_What this task involves_:
Begin at the line below that contains "Answer: IT Services". Repeat it and all remaining lines of the records exactly.

(Collected data entries)
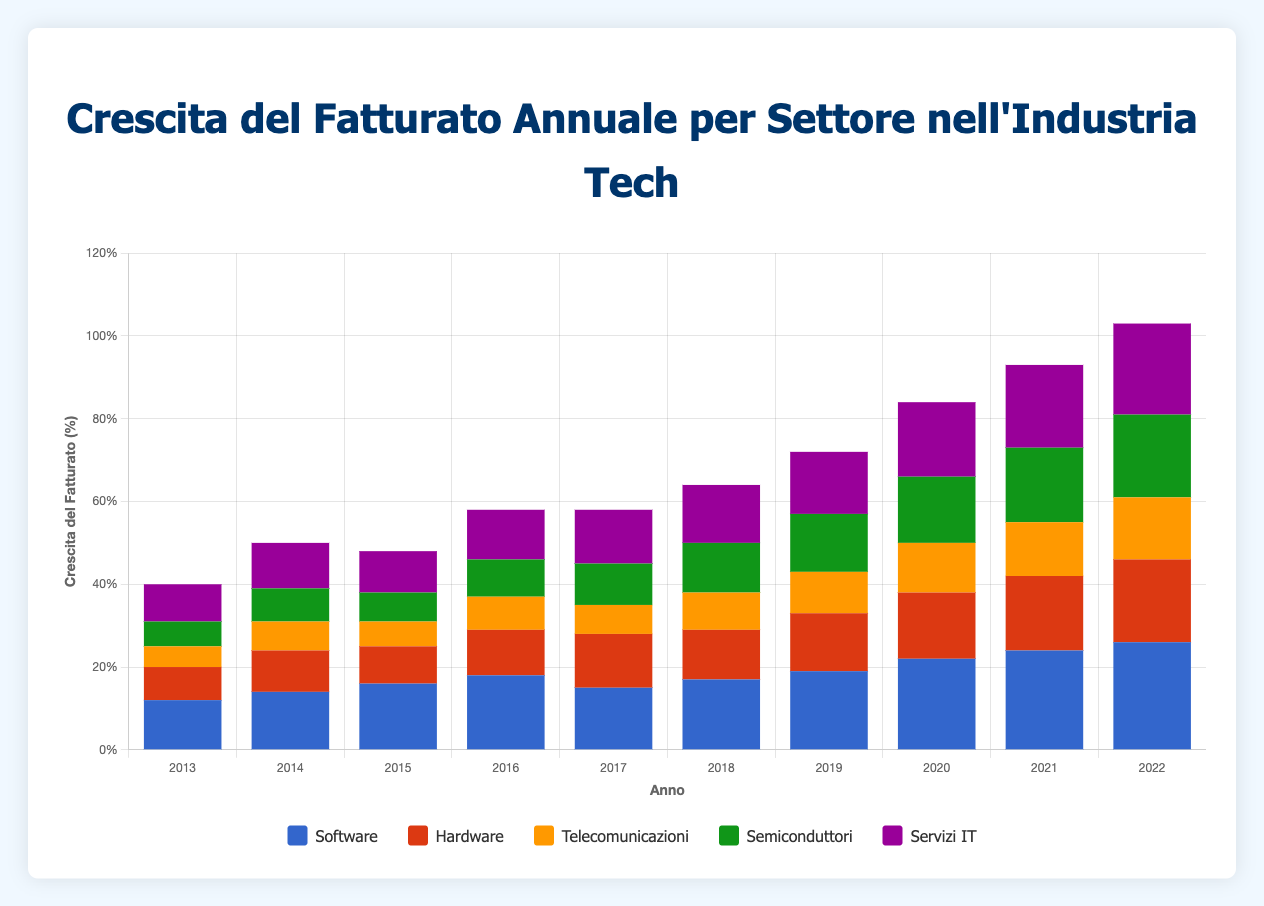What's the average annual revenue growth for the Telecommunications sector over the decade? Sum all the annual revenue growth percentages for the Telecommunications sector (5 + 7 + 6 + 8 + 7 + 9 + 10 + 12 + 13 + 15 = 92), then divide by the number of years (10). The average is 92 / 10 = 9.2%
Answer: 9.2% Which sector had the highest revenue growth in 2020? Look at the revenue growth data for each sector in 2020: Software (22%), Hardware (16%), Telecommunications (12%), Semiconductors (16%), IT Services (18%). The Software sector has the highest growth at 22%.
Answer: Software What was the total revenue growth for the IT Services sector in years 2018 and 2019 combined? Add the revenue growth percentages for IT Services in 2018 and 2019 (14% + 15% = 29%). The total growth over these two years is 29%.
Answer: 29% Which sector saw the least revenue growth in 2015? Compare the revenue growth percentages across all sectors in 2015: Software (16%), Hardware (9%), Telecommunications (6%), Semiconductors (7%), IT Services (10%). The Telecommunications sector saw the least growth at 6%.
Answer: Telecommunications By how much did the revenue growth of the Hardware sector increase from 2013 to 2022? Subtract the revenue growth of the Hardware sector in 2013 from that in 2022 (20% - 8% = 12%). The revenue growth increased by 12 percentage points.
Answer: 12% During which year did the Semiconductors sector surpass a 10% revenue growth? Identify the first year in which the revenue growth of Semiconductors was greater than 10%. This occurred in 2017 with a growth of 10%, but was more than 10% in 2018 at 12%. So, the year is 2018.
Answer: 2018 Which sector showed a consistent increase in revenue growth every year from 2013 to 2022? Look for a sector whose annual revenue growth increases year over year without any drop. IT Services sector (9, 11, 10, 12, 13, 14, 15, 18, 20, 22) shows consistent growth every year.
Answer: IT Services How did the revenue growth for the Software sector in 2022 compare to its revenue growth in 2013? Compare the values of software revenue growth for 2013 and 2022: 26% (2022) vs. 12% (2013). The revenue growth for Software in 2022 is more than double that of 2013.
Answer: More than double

_Output of the task_:
Answer: IT Services How did the revenue growth for the Software sector in 2022 compare to its revenue growth in 2013? Compare the values of software revenue growth for 2013 and 2022: 26% (2022) vs. 12% (2013). The revenue growth for Software in 2022 is more than double that of 2013.
Answer: More than double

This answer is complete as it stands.